During (endurance) exercise, your muscles contract repeatedly. Muscles contract as a result of the activation of the sarcoplasmic reticulum (SR) by ATP. Activation of the SR results in the release of Ca2+, which serves as an intracellular messenger molecule for the activation of calcineurin, CaMKII and p-AMPK. These molecules activate other molecules like PGC-1a, COX and citrate synthase (also Mef2 and Nfat), resulting in the biosynthesis of mitochondria.
What relationship exists between the number of nuclei per mm muscle fiber length and the total fiber cross-sectional area (FCSA)?
The amount of nuclei/mm fiber length is associated with the amount of FCSA. So a high number of nuclei/mm fiber length = a high total of FCSA.
What are satellite cells?
Multipotent cells found in mature muscles. They are precursors of skeletal muscle cells. Normally, they are in their native, quiescent state (i.e. not dividing/differentiating). But when muscle tissue is damaged due to injury or exercise, satellite cells become activated, which leads to proliferation and differentiation into myoblasts (muscle precursor cells capable of fusing to form new muscle fibers or repairing damaged ones).
The following molecules are involved in mechanosensation. Explain in short their primary function in mechanosensation.
- Dystrophin-associated glycoprotein complex
- Costameres
- Focal Adhesion Kinase (FAK)
- Calcium
- Phospholipid cleaving enzyme phospholipase D (PLD)
- Dystrophin-associated glycoprotein complex (DAGC): complex found in muscle cells that connects cytoskeleton to extracellular matrix -> role in maintaining structural integrity of muscle fibers.
- Costameres: located at Z-lines of muscle cells, play a role in transmitting mechanical forces between cytoskeleton and ECM.
- Focal Adhesion Kinase (FAK): activated in response to mechanical forces and plays a role in signal transduction of pathways for cell adhesion and mechanotransduction.
- Calcium: mechanical forces can lead to intracellular calcium level changes, which can trigger various cellular responses, such as muscle contraction.
- Phospholipid cleaving enzyme phospholipase D (PLD): enzyme that cleaves phospholipids to generate lipid second messengers.
Explain why there is time-dependent activation of mTOR (in the context of exercise).
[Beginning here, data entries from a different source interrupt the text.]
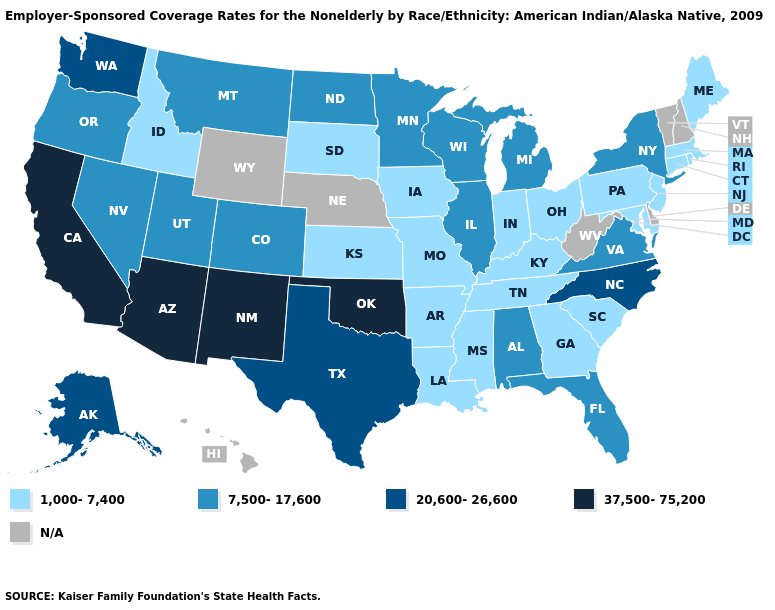How many symbols are there in the legend?
Keep it brief. 5. What is the value of Oregon?
Concise answer only. 7,500-17,600. Does the first symbol in the legend represent the smallest category?
Give a very brief answer. Yes. Among the states that border Washington , which have the highest value?
Give a very brief answer. Oregon. What is the value of Nevada?
Concise answer only. 7,500-17,600. Among the states that border Massachusetts , which have the lowest value?
Give a very brief answer. Connecticut, Rhode Island. Does the map have missing data?
Be succinct. Yes. Which states have the lowest value in the West?
Write a very short answer. Idaho. What is the highest value in the USA?
Concise answer only. 37,500-75,200. What is the highest value in the South ?
Answer briefly. 37,500-75,200. Does Utah have the lowest value in the USA?
Be succinct. No. What is the lowest value in the USA?
Write a very short answer. 1,000-7,400. Among the states that border Tennessee , does Virginia have the highest value?
Be succinct. No. Name the states that have a value in the range 37,500-75,200?
Give a very brief answer. Arizona, California, New Mexico, Oklahoma. Name the states that have a value in the range 37,500-75,200?
Be succinct. Arizona, California, New Mexico, Oklahoma. 
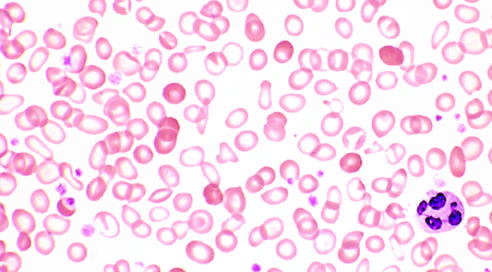do the principal cellular alterations that characterize reversible cell injury and necrosis stand out in contrast?
Answer the question using a single word or phrase. No 
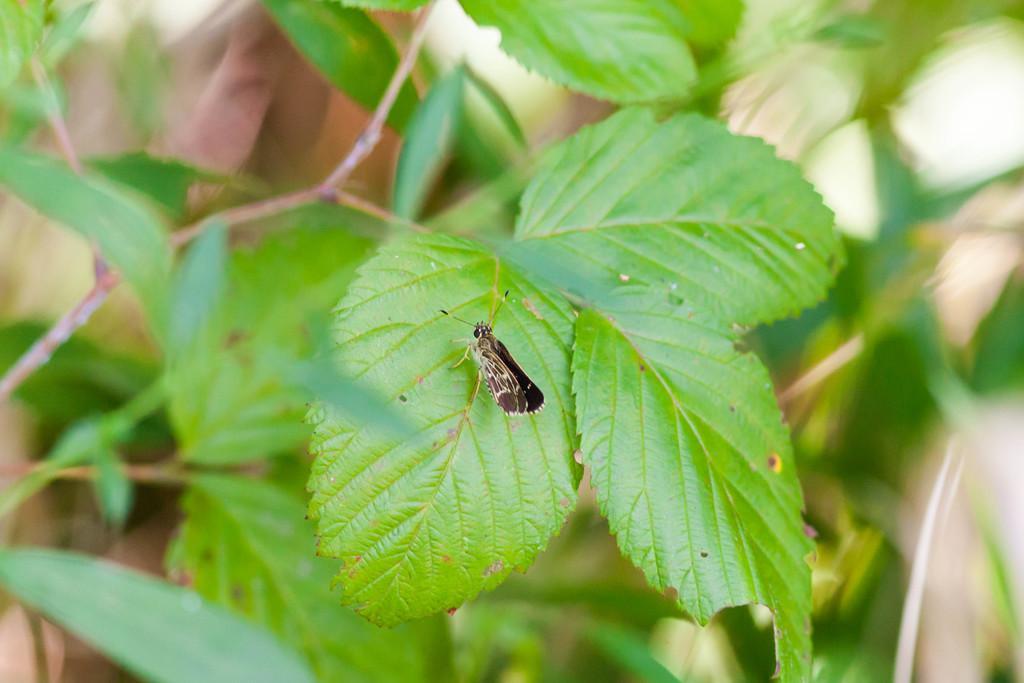How would you summarize this image in a sentence or two? In this picture there is a plant. In the center of the picture there is an insect. 
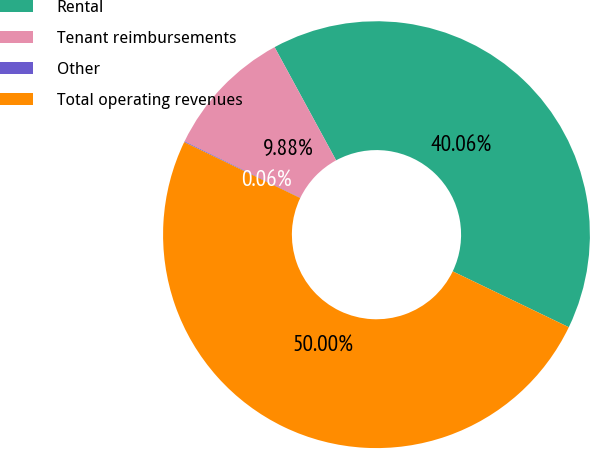<chart> <loc_0><loc_0><loc_500><loc_500><pie_chart><fcel>Rental<fcel>Tenant reimbursements<fcel>Other<fcel>Total operating revenues<nl><fcel>40.06%<fcel>9.88%<fcel>0.06%<fcel>50.0%<nl></chart> 
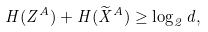<formula> <loc_0><loc_0><loc_500><loc_500>H ( Z ^ { A } ) + H ( \widetilde { X } ^ { A } ) \geq \log _ { 2 } d ,</formula>

- Pre-exercise: basal level of mTOR activity
- During-exercise: muscle cells experience mechanical stress/load and damage, which triggers growth factors such as insulin-like growth factor 1 (IGF-1) and the activation of mTOR.
- Post-exercise: mTOR activation may increase in the hours following exercise, because mTOR is essential for muscle repair, growth and adaptation.
What are reactive oxygen and nitrogen species (RONS)?
RONS are molecules containing oxygen or nitrogren atoms that are produced during various processes (metabolism, UV light, radiation, smoking, air pollution, inflammation) capable of causing DNA or protein damage.